Talvez Eisuke realmente acreditasse que alguma hora Ayaka Shiori fosse lhe ligar, e quando as coisas não ocorreram assim, ele acabou passando para outro “plano de ataque” de forma que aquela era apenas a primeira semana de aula e ele já estava ali pela terceira vez!

Não que Gintsune pudesse culpá-lo, afinal quem não ficaria fixado em um rosto como o seu? E, além do mais, ele também estava sendo de grande ajuda a ele e a Yukari, já que era a sua desculpa para não comer mais em sala de aula.

Hum… na verdade Gintsune até poderia sair com ele, afinal o rapaz era, provavelmente, até bonitinho — para os padrões humanos, é claro —, mas isso não tinha importância, porque ele simplesmente não lhe via nada de interessante, então… é. Sem chance. Deu de ombros.

—Yo. Ayaka. — a representante cumprimentou — Se chegasse uns quinze segundos antes você teria dado de cara com o seu admirador.

—Meu admirador? — deu um risinho inocente — Ora, representante, eu tenho dúzias de admiradores!

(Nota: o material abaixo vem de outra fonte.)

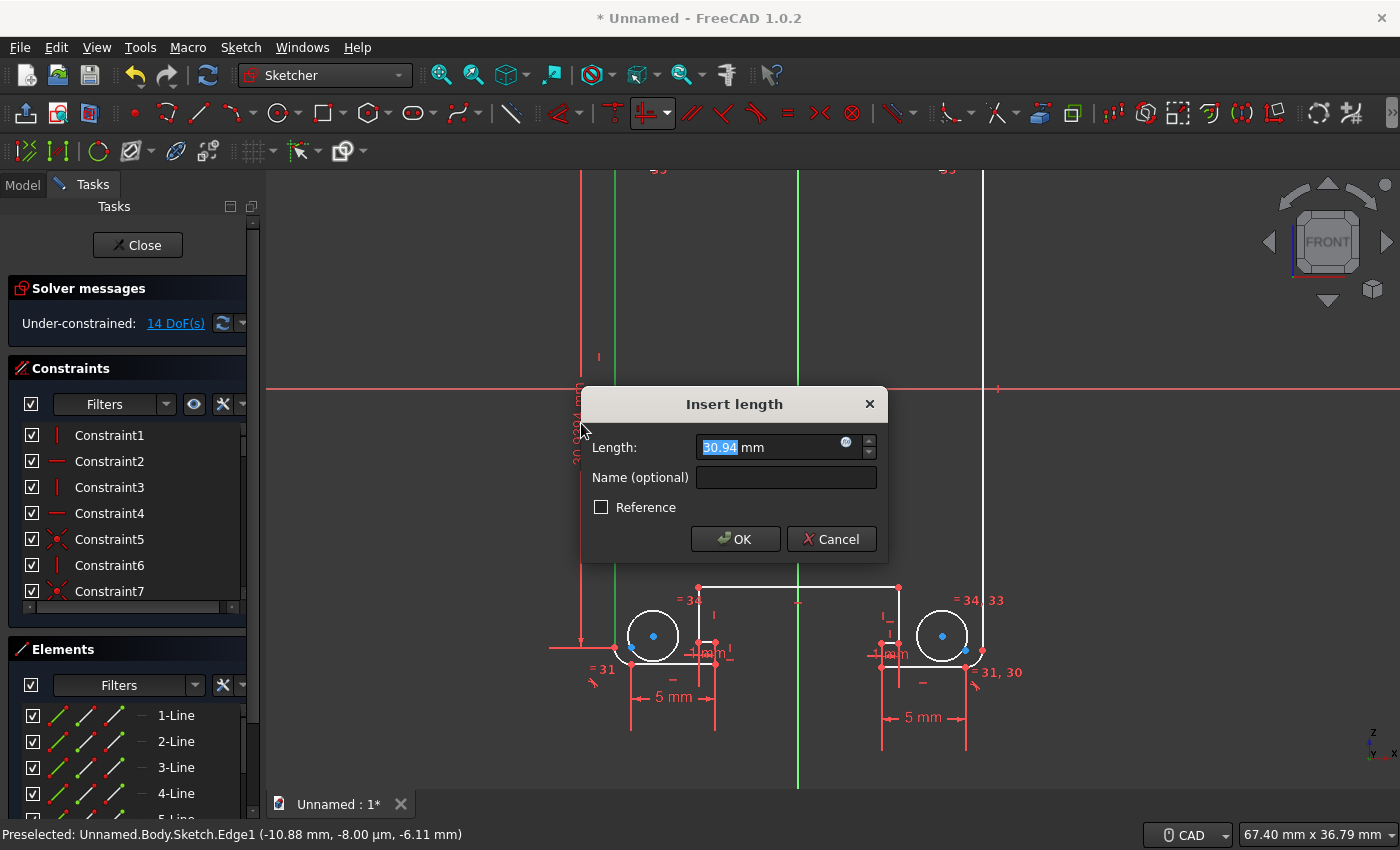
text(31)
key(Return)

A qual deles em específico você se refere?

A representante cruzou os braços e deu de ombros.

—Pois creio que ao mais recente e ousado deles: Yonekura Eisuke.

—Então ele veio novamente? — franziu o cenho fingindo ignorância.

—Eu ouvi dizer que Yonekura-kun é um mulherengo, embora haja outros piores, é claro. — Yukari intrometeu-se na conversa, aproximando-se por detrás da representante — Deve haver outras dezenas de garotas atrás dele, então por que ele está cismado assim agora?

Ela o olhava diretamente e de uma forma explicitamente acusadora enquanto fazia aquela pergunta, como se realmente acreditasse que ele pudesse ter… sei lá, enfeitiçado o garoto talvez? Que besteira, será que ela não era capaz de ver o quão belo era seu rosto? É claro que qualquer um cairia suplicando aos seus pés.

—Acho que ele não está habituado a ser rejeitado. — a representante opinou.

—Você o rejeita o tempo todo, representante. — Kaoru-chan a relembrou.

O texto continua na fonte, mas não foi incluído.